All qualified applicants will receive consideration for employment without regard to race, creed, color, religion, sex, gender identity or expression, sexual orientation, national origin, age, physical or mental disability, genetic information, veteran status, occupation, marital or familial status, political opinion, personal appearance, or any other characteristic protected by applicable law. APL is committed to providing reasonable accommodation to individuals of all abilities, including those with disabilities. If you require a reasonable accommodation to participate in any part of the hiring process, please contact Accommodations@jhuapl.edu.

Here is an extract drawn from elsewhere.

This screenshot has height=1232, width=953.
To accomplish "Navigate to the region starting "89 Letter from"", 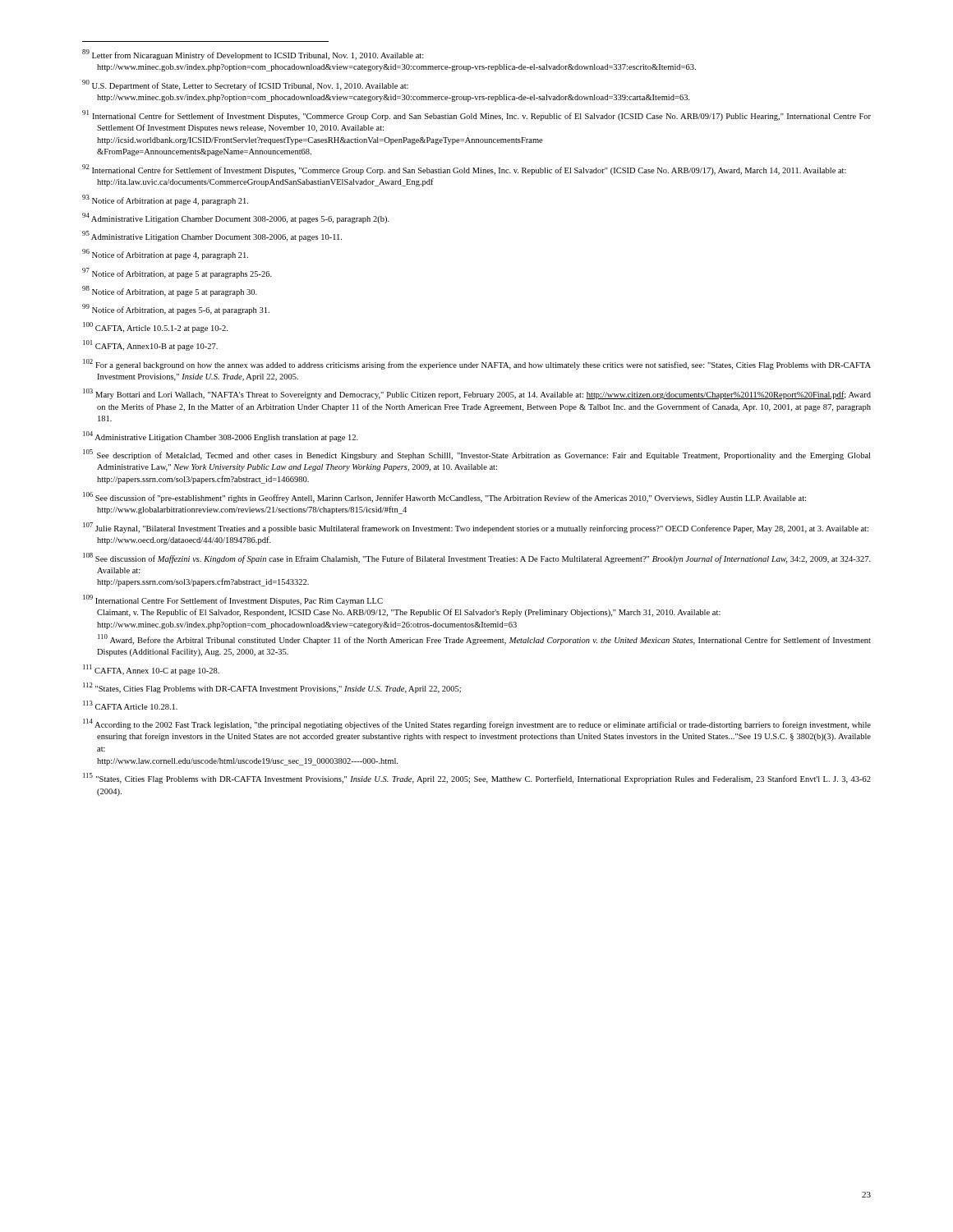I will 476,60.

The referenced pay range is based on JHU APL's good faith belief at the time of posting. Actual compensation may vary based on factors such as geographic location, work experience, market conditions, education/training and skill level with consideration for internal parity. For salaried employees scheduled to work less than 40 hours per week, annual salary will be prorated based on the number of hours worked. APL may offer bonuses or other forms of compensation per internal policy and/or contractual designation. Additional compensation may be provided in the form of a sign-on bonus, relocation benefits, locality allowance or discretionary payments for exceptional performance. APL provides eligible staff with a comprehensive benefits package including retirement plans, paid time off, medical, dental, vision, life insurance, short-term disability, long-term disability, flexible spending accounts, education assistance, and training and development. Applications are accepted on a rolling basis.